Duncan Elkinson] Q: The book [Requiem for a Dream] is very cinemaesque in the way that it's laid out ad the way that it reads; were there any difficulties in translating the words into action the action back into words?
"Well that's always a task, especially with a good book because what makes a book different than an ordinary book is an ineffable quality that can't really pinpoint necessarily and to retain that while translating it or transposing it into another medium that can be a very difficult task, but Darren [Aronofsky] is a real vision, he's a real filmmaker, he's not just a hollywood moviemaker, this guy's a real filmmaker and he found ways of bringing this, not only bringing that element to the screen, but of bringing it in a contemporary way...really extraordinary."

"What happens in my work is there is no catharsis [...] it's just such intense suffering and darkness that the reader finds within themselves the ability to love the unlovable and I...I didn't figure out that oh this is what I'm going to do--of course not--but if that's the result I think it's absolutely wonderful and magnificent...I mean if I can do that I can't think of a greater goal to work for and towards than than to help another human being find out that the light they're seeking is just within them and it's always there."

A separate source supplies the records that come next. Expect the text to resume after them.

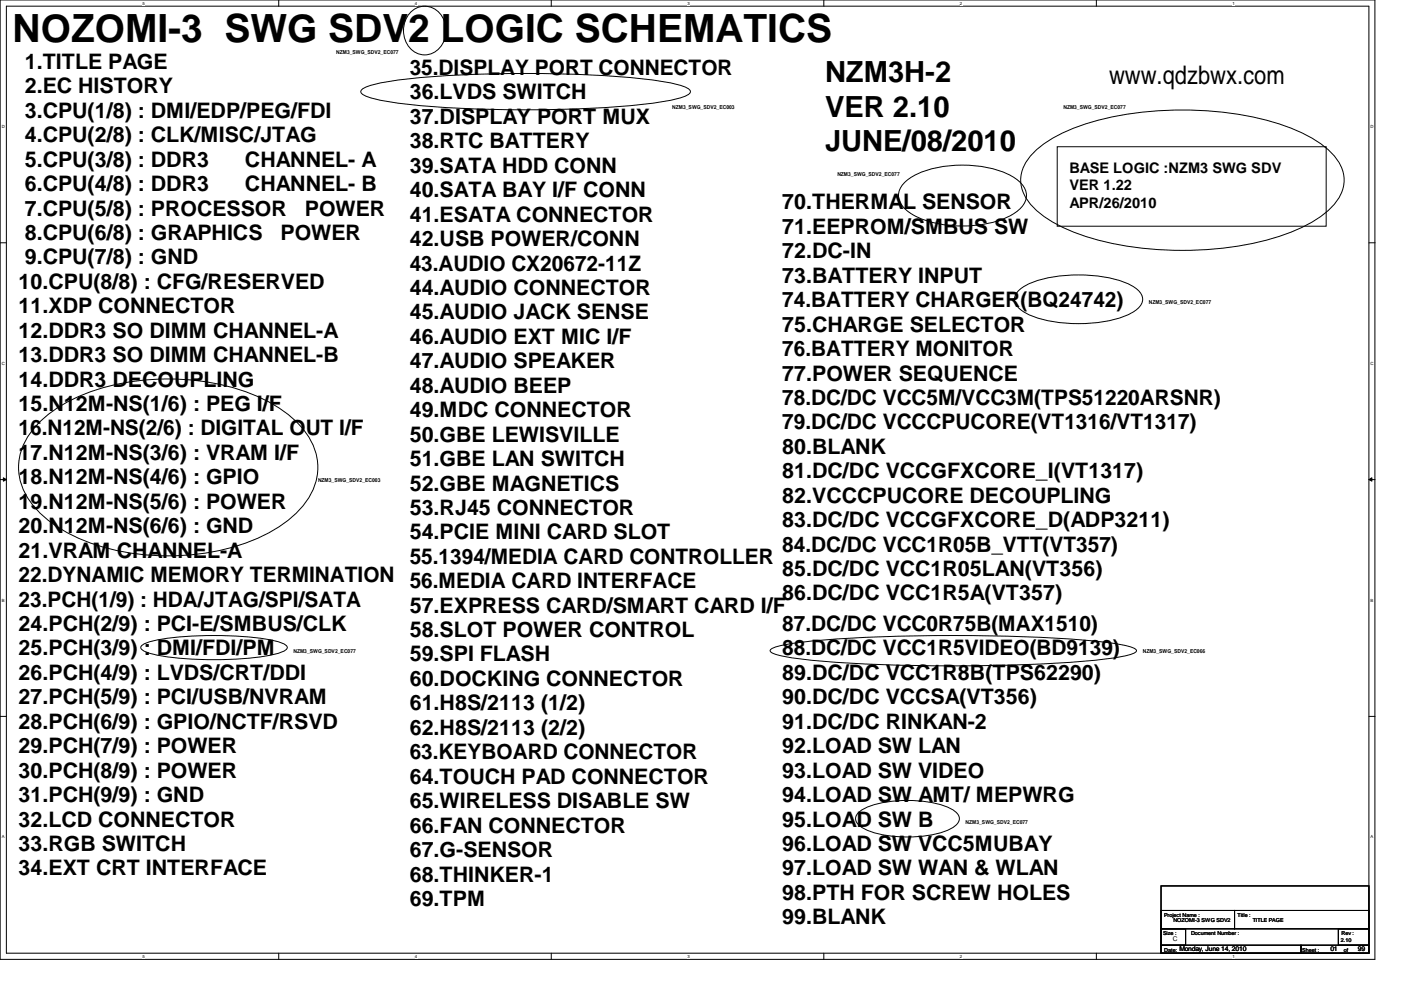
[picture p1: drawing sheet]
<svg xmlns="http://www.w3.org/2000/svg" width="297mm" height="210mm" viewBox="0 0 297 210" stroke-linecap="round" stroke-linejoin="round" font-family="sans-serif">
<defs><g id="words">
<text font-size="8.3" x="2.7" y="8.9">NOZOMI-3 SWG SDV2 LOGIC SCHEMATICS</text>
<g font-size="6.2">
<text x="174.9" y="17.4">NZM3H-2</text>
<text x="174.9" y="24.7">VER 2.10</text>
<text x="174.9" y="32">JUNE/08/2010</text>
</g>
<text font-size="5.4" x="235.1" y="17.8">www.qdzbwx.com</text>
<g font-size="4.5">
<text x="5.2" y="14.6">1.TITLE PAGE</text>
<text x="86.9" y="15.9">35.DISPLAY PORT CONNECTOR</text>
<text x="5.2" y="19.8">2.EC HISTORY</text>
<text x="86.9" y="21.1">36.LVDS SWITCH</text>
<text x="5.2" y="25">3.CPU(1/8) : DMI/EDP/PEG/FDI</text>
<text x="86.9" y="26.3">37.DISPLAY PORT MUX</text>
<text x="5.2" y="30.1">4.CPU(2/8) : CLK/MISC/JTAG</text>
<text x="5.2" y="35.3">5.CPU(3/8) : DDR3</text>
<text x="51.9" y="35.3">CHANNEL- A</text>
<text x="86.9" y="31.5">38.RTC BATTERY</text>
<text x="5.2" y="40.5">6.CPU(4/8) : DDR3</text>
<text x="51.9" y="40.5">CHANNEL- B</text>
<text x="86.9" y="36.6">39.SATA HDD CONN</text>
<text x="86.9" y="41.8">40.SATA BAY I/F CONN</text>
<text x="5.2" y="45.7">7.CPU(5/8) : PROCESSOR</text>
<text x="64.6" y="45.7">POWER</text>
<text x="86.9" y="47">41.ESATA CONNECTOR</text>
<text x="165.9" y="44.4">70.THERMAL SENSOR</text>
<text x="5.2" y="50.9">8.CPU(6/8) : GRAPHICS</text>
<text x="59.5" y="50.9">POWER</text>
<text x="86.9" y="52.2">42.USB POWER/CONN</text>
<text x="165.9" y="49.6">71.EEPROM/SMBUS SW</text>
<text x="5.2" y="56">9.CPU(7/8) : GND</text>
<text x="86.9" y="57.4">43.AUDIO CX20672-11Z</text>
<text x="165.9" y="54.8">72.DC-IN</text>
<text x="165.9" y="59.9">73.BATTERY INPUT</text>
<text x="3.9" y="61.3">10.CPU(8/8) : CFG/RESERVED</text>
<text x="86.9" y="62.5">44.AUDIO CONNECTOR</text>
<text x="165.9" y="65.2">74.BATTERY CHARGER(BQ24742)</text>
<text x="3.9" y="66.4">11.XDP CONNECTOR</text>
<text x="3.9" y="71.6">12.DDR3 SO DIMM CHANNEL-A</text>
<text x="86.9" y="67.7">45.AUDIO JACK SENSE</text>
<text x="165.9" y="70.3">75.CHARGE SELECTOR</text>
<text x="3.9" y="76.8">13.DDR3 SO DIMM CHANNEL-B</text>
<text x="86.9" y="72.9">46.AUDIO EXT MIC I/F</text>
<text x="165.9" y="75.5">76.BATTERY MONITOR</text>
<text x="3.9" y="82">14.DDR3 DECOUPLING</text>
<text x="86.9" y="78.1">47.AUDIO SPEAKER</text>
<text x="86.9" y="83.3">48.AUDIO BEEP</text>
<text x="165.9" y="80.7">77.POWER SEQUENCE</text>
<text x="3.9" y="87.2">15.N12M-NS(1/6) : PEG I/F</text>
<text x="86.9" y="88.4">49.MDC CONNECTOR</text>
<text x="165.9" y="85.9">78.DC/DC VCC5M/VCC3M(TPS51220ARSNR)</text>
<text x="3.9" y="92.3">16.N12M-NS(2/6) : DIGITAL OUT I/F</text>
<text x="86.9" y="93.6">50.GBE LEWISVILLE</text>
<text x="165.9" y="91.1">79.DC/DC VCCCPUCORE(VT1316/VT1317)</text>
<text x="3.9" y="97.5">17.N12M-NS(3/6) : VRAM I/F</text>
<text x="86.9" y="98.8">51.GBE LAN SWITCH</text>
<text x="165.9" y="96.2">80.BLANK</text>
<text x="165.9" y="101.4">81.DC/DC VCCGFXCORE_I(VT1317)</text>
<text x="3.9" y="102.7">18.N12M-NS(4/6) : GPIO</text>
<text x="3.9" y="107.9">19.N12M-NS(5/6) : POWER</text>
<text x="86.9" y="104">52.GBE MAGNETICS</text>
<text x="165.9" y="106.6">82.VCCCPUCORE DECOUPLING</text>
<text x="3.9" y="113.1">20.N12M-NS(6/6) : GND</text>
<text x="86.9" y="109.2">53.RJ45 CONNECTOR</text>
<text x="165.9" y="111.8">83.DC/DC VCCGFXCORE_D(ADP3211)</text>
<text x="3.9" y="118.2">21.VRAM CHANNEL-A</text>
<text x="86.9" y="119.5">55.1394/MEDIA CARD CONTROLLER</text>
<text x="86.9" y="114.3">54.PCIE MINI CARD SLOT</text>
<text x="165.9" y="117">84.DC/DC VCC1R05B_VTT(VT357)</text>
<text x="3.9" y="123.4">22.DYNAMIC MEMORY TERMINATION</text>
<text x="86.9" y="124.7">56.MEDIA CARD INTERFACE</text>
<text x="165.9" y="122.1">85.DC/DC VCC1R05LAN(VT356)</text>
<text x="3.9" y="128.6">23.PCH(1/9) : HDA/JTAG/SPI/SATA</text>
<text x="86.9" y="129.9">57.EXPRESS CARD/SMART CARD I/F</text>
<text x="165.9" y="127.3">86.DC/DC VCC1R5A(VT357)</text>
<text x="3.9" y="133.8">24.PCH(2/9) : PCI-E/SMBUS/CLK</text>
<text x="86.9" y="135.1">58.SLOT POWER CONTROL</text>
<text x="165.9" y="133.8">87.DC/DC VCC0R75B(MAX1510)</text>
<text x="3.9" y="139">25.PCH(3/9) : DMI/FDI/PM</text>
<text x="86.9" y="140.3">59.SPI FLASH</text>
<text x="165.9" y="139">88.DC/DC VCC1R5VIDEO(BD9139)</text>
<text x="3.9" y="144.1">26.PCH(4/9) : LVDS/CRT/DDI</text>
<text x="3.9" y="149.4">27.PCH(5/9) : PCI/USB/NVRAM</text>
<text x="86.9" y="145.5">60.DOCKING CONNECTOR</text>
<text x="165.9" y="144.1">89.DC/DC VCC1R8B(TPS62290)</text>
<text x="165.9" y="149.4">90.DC/DC VCCSA(VT356)</text>
<text x="3.9" y="154.5">28.PCH(6/9) : GPIO/NCTF/RSVD</text>
<text x="86.9" y="150.6">61.H8S/2113 (1/2)</text>
<text x="86.9" y="155.8">62.H8S/2113 (2/2)</text>
<text x="165.9" y="154.5">91.DC/DC RINKAN-2</text>
<text x="3.9" y="159.7">29.PCH(7/9) : POWER</text>
<text x="86.9" y="161">63.KEYBOARD CONNECTOR</text>
<text x="165.9" y="159.7">92.LOAD SW LAN</text>
<text x="3.9" y="164.9">30.PCH(8/9) : POWER</text>
<text x="86.9" y="166.2">64.TOUCH PAD CONNECTOR</text>
<text x="165.9" y="164.9">93.LOAD SW VIDEO</text>
<text x="3.9" y="170.1">31.PCH(9/9) : GND</text>
<text x="86.9" y="171.4">65.WIRELESS DISABLE SW</text>
<text x="165.9" y="170.1">94.LOAD SW AMT/ MEPWRG</text>
<text x="3.9" y="175.3">32.LCD CONNECTOR</text>
<text x="86.9" y="176.5">66.FAN CONNECTOR</text>
<text x="165.9" y="175.3">95.LOAD SW B</text>
<text x="3.9" y="180.4">33.RGB SWITCH</text>
<text x="3.9" y="185.6">34.EXT CRT INTERFACE</text>
<text x="86.9" y="181.7">67.G-SENSOR</text>
<text x="165.9" y="180.4">96.LOAD SW VCC5MUBAY</text>
<text x="165.9" y="185.6">97.LOAD SW WAN &amp; WLAN</text>
<text x="86.9" y="186.9">68.THINKER-1</text>
<text x="165.9" y="190.8">98.PTH FOR SCREW HOLES</text>
<text x="86.9" y="192.1">69.TPM</text>
<text x="165.9" y="196">99.BLANK</text>
</g>
<g font-size="3.1">
<text x="226.7" y="36.6">BASE LOGIC :NZM3 SWG SDV</text>
<text x="226.7" y="40.3">VER 1.22</text>
<text x="226.7" y="44">APR/26/2010</text>
</g>
<g font-size="1.4">
<text x="248.7" y="199.5">C</text>
<text x="250.1" y="201.7">Monday, June 14, 2010</text>
<text x="282.1" y="201.7">01</text>
<text x="287.9" y="201.7">99</text>
</g>
<g font-size="1.1">
<text x="71.3" y="11.4">NZM3_SWG_SDV2_EC077</text>
<text x="142.5" y="23.1">NZM3_SWG_SDV2_EC003</text>
<text x="225.5" y="23.1">NZM3_SWG_SDV2_EC077</text>
<text x="177.5" y="37.3">NZM3_SWG_SDV2_EC077</text>
<text x="243.6" y="64.6">NZM3_SWG_SDV2_EC077</text>
<text x="67.4" y="102.1">NZM3_SWG_SDV2_EC003</text>
<text x="62.2" y="138.4">NZM3_SWG_SDV2_EC077</text>
<text x="242.3" y="138.4">NZM3_SWG_SDV2_EC066</text>
<text x="204.7" y="174.7">NZM3_SWG_SDV2_EC077</text>
<text x="246.8" y="194.4">Project Name :</text>
<text x="248.8" y="195.4">NOZOMI-3 SWG SDV2</text>
<text x="262.4" y="194.5">Title :</text>
<text x="265.6" y="195.4">TITLE PAGE</text>
<text x="246.6" y="198.3">Size :</text>
<text x="246.8" y="201.8">Date:</text>
<text x="252.5" y="198.2">Document Number :</text>
<text x="276.1" y="201.8">Sheet :</text>
<text x="284.3" y="199.8">2.10</text>
<text x="284.4" y="198.3">Rev :</text>
<text x="284.9" y="201.8">of</text>
</g>
<g font-size=".9">
<text x="30.2" y="1">5</text>
<text x="88" y="1">4</text>
<text x="145.8" y="1">3</text>
<text x="203.5" y="1">2</text>
<text x="261.3" y="1">1</text>
<text x=".4" y="27.2">D</text>
<text x="290.6" y="27.2">D</text>
<text x=".4" y="77.3">C</text>
<text x="290.6" y="77.3">C</text>
<text x=".4" y="127.6">B</text>
<text x="290.6" y="127.6">B</text>
<text x=".4" y="177.8">A</text>
<text x="290.6" y="177.8">A</text>
<text x="30.2" y="203.1">5</text>
<text x="88" y="203.1">4</text>
<text x="145.8" y="203.1">3</text>
<text x="203.5" y="203.1">2</text>
<text x="261.3" y="203.1">1</text>
</g>
</g></defs>
<path d="M0 0h291.5v203.4h-291.5zM1.4 1.3h288.8v200.8h-288.8z" fill="none" stroke="#000" stroke-width=".21"/>
<g fill="#fff">
<path d="M30.2 .2h.5v1h-.5z"/>
<path d="M30.2 202.3h.5v1h-.5z"/>
</g>
<path d="M59.1 0v1.3M59.1 202.1v1.3" fill="none" stroke="#000" stroke-width=".21"/>
<g fill="#fff">
<path d="M88 .2h.5v1h-.5z"/>
<path d="M88 202.3h.5v1h-.5z"/>
</g>
<path d="M116.9 0v1.3M116.9 202.1v1.3" fill="none" stroke="#000" stroke-width=".21"/>
<g fill="#fff">
<path d="M145.8 .2h.5v1h-.5z"/>
<path d="M145.8 202.3h.5v1h-.5z"/>
</g>
<path d="M174.7 0v1.3M174.7 202.1v1.3" fill="none" stroke="#000" stroke-width=".21"/>
<g fill="#fff">
<path d="M203.5 .2h.5v1h-.5z"/>
<path d="M203.5 202.3h.5v1h-.5z"/>
</g>
<path d="M232.4 0v1.3M232.4 202.1v1.3" fill="none" stroke="#000" stroke-width=".21"/>
<g fill="#fff">
<path d="M261.3 .2h.5v1h-.5z"/>
<path d="M261.3 202.3h.5v1h-.5z"/>
<path d="M.4 26.4h.6v1h-.6z"/>
<path d="M290.6 26.4h.6v1h-.6z"/>
<path d="M.4 76.5h.6v1.1h-.6z"/>
<path d="M290.6 76.5h.6v1.1h-.6z"/>
</g>
<path d="M0 51.5h1.4M290.2 51.5h1.3" fill="none" stroke="#000" stroke-width=".21"/>
<g fill="#fff">
<path d="M.4 126.7h.6v1.1h-.6z"/>
<path d="M290.6 126.7h.6v1.1h-.6z"/>
</g>
<path d="M0 101.7h1.4M.7 101.3l.7 .4-.7 .3zM290.2 101.7l.7-.4v.7zM290.2 101.7h1.3" fill="none" stroke="#000" stroke-width=".21"/>
<path d="M.7 101.3l.7 .4-.7 .3zM290.2 101.7l.7-.4v.7z" fill="#000"/>
<g fill="#fff">
<path d="M.4 177h.5v1h-.5z"/>
<path d="M290.6 177h.5v1h-.5z"/>
</g>
<g fill="none" stroke="#000" stroke-width=".21">
<path d="M76.6 19.1a11.5 11.5 0 0 1 5.7-1.8 242.2 242.2 0 0 1 43.4-1.4 92.3 92.3 0 0 1 18.7 2.2 2.39 2.39 0 0 1 2 1.3 2.4 2.4 0 0 1-2 1.3 93.1 93.1 0 0 1-18.7 2.2 256 256 0 0 1-41.8-1.1l-4.4-.8a6 6 0 0 1-2.9-1.2l-.1-.4zM87.1 2.5a4.3 4.3 0 0 1 7.2 2.2 5.2 5.2 0 0 1-4.3 6.9 5.1 5.1 0 0 1-4.2-6.9l.4-.8zM192.1 38.4a17.6 17.6 0 0 1 10.2-3.3 22.3 22.3 0 0 1 12.9 2.7 4.1 4.1 0 0 1 2 5.2 9.3 9.3 0 0 1-5.4 3.8 25.1 25.1 0 0 1-17.9-1.1 5.4 5.4 0 0 1-3.4-4.3 4.1 4.1 0 0 1 1.6-3zM219.1 32.4a30.1 30.1 0 0 1 13.5-6.8 73.7 73.7 0 0 1 38.3 .6 25.1 25.1 0 0 1 12.3 7.3 7.4 7.4 0 0 1-.9 10.5 30.2 30.2 0 0 1-13.5 6.8 73.3 73.3 0 0 1-38.4-.6 25.1 25.1 0 0 1-12.2-7.3 7.4 7.4 0 0 1 .9-10.5zM224.2 31.1h57v16.9h-57zM216 61.6a16.5 16.5 0 0 1 9.3-3.2 27.8 27.8 0 0 1 14.5 2.1 4 4 0 0 1 2.5 3 3.6 3.6 0 0 1-2.5 2.9 28.2 28.2 0 0 1-16 1.9 15.4 15.4 0 0 1-7.8-3 2.37 2.37 0 0 1 0-3.7zM8.7 89.2a35.8 35.8 0 0 1 19.3-8.3 49.1 49.1 0 0 1 28.3 4 20.6 20.6 0 0 1 10.2 9.7 12.1 12.1 0 0 1-2.7 13.1 30.6 30.6 0 0 1-15.8 8.7 49.7 49.7 0 0 1-33-3.1 20.7 20.7 0 0 1-10.1-9.7 12.1 12.1 0 0 1 2.6-13.1zM30 137a10 10 0 0 1 5.1-1.6 77.4 77.4 0 0 1 23 .4 5.3 5.3 0 0 1 2.7 1.2l.1 .3a2.21 2.21 0 0 1-1.8 1.2 67.1 67.1 0 0 1-21 1.1l-5.5-.9a5.3 5.3 0 0 1-2.6-1.1l-.2-.3zM163.4 137.7a13.9 13.9 0 0 1 5.7-1.4 354.2 354.2 0 0 1 50.9-1.2 120.3 120.3 0 0 1 19 1.8 2.44 2.44 0 0 1 2 1.1 2.46 2.46 0 0 1-2 1 152.3 152.3 0 0 1-24.6 2 342.9 342.9 0 0 1-45.3-1.4l-2.8-.4a7 7 0 0 1-2.9-1l-.1-.2zM0 151.9h1.4M290.2 151.9h1.3M181.9 172.5a10.5 10.5 0 0 1 5.9-2.4 25 25 0 0 1 13.8 1.4 2.4 2.4 0 0 1 1.7 2.6 6.1 6.1 0 0 1-4.2 2.6 26.5 26.5 0 0 1-15.4-.8 3.4 3.4 0 0 1-2.3-2.3l.1-.6z"/>
<path d="M246.2 196.9h5.2v3.5h-5.2zM246.2 193h15.5v3.9h-15.5zM246.2 187.8h44v14.3h-44zM261.7 193h28.5v3.9h-28.5zM283.8 196.9h6.4v3.5h-6.4zM246.2 200.4h29.6v1.7h-29.6zM275.8 200.4h14.4v1.7h-14.4z"/>
</g>
<use href="#words"/>
</svg>

"I don't think the word "service" really describes what he [Albert Schweitzer] and Robeson and Gandhi and people like that do--it is so much beyond that, it's total surrender of self to something divine and not like divine in the sense of a church or a religious god but the divinity in man, the divinity in each and every one of us...seems to me that that's what they were worshipping in their way and dedicated their lives to, and they have helped make the world a little more comfortable for all of us."

"As a kid I couldn't understand why we were always hurting each other...it baffled me...and when I was 8 years old I decided I was going to be a bacteriologist and find a way to heal all the pain in the world [laughs warmly]."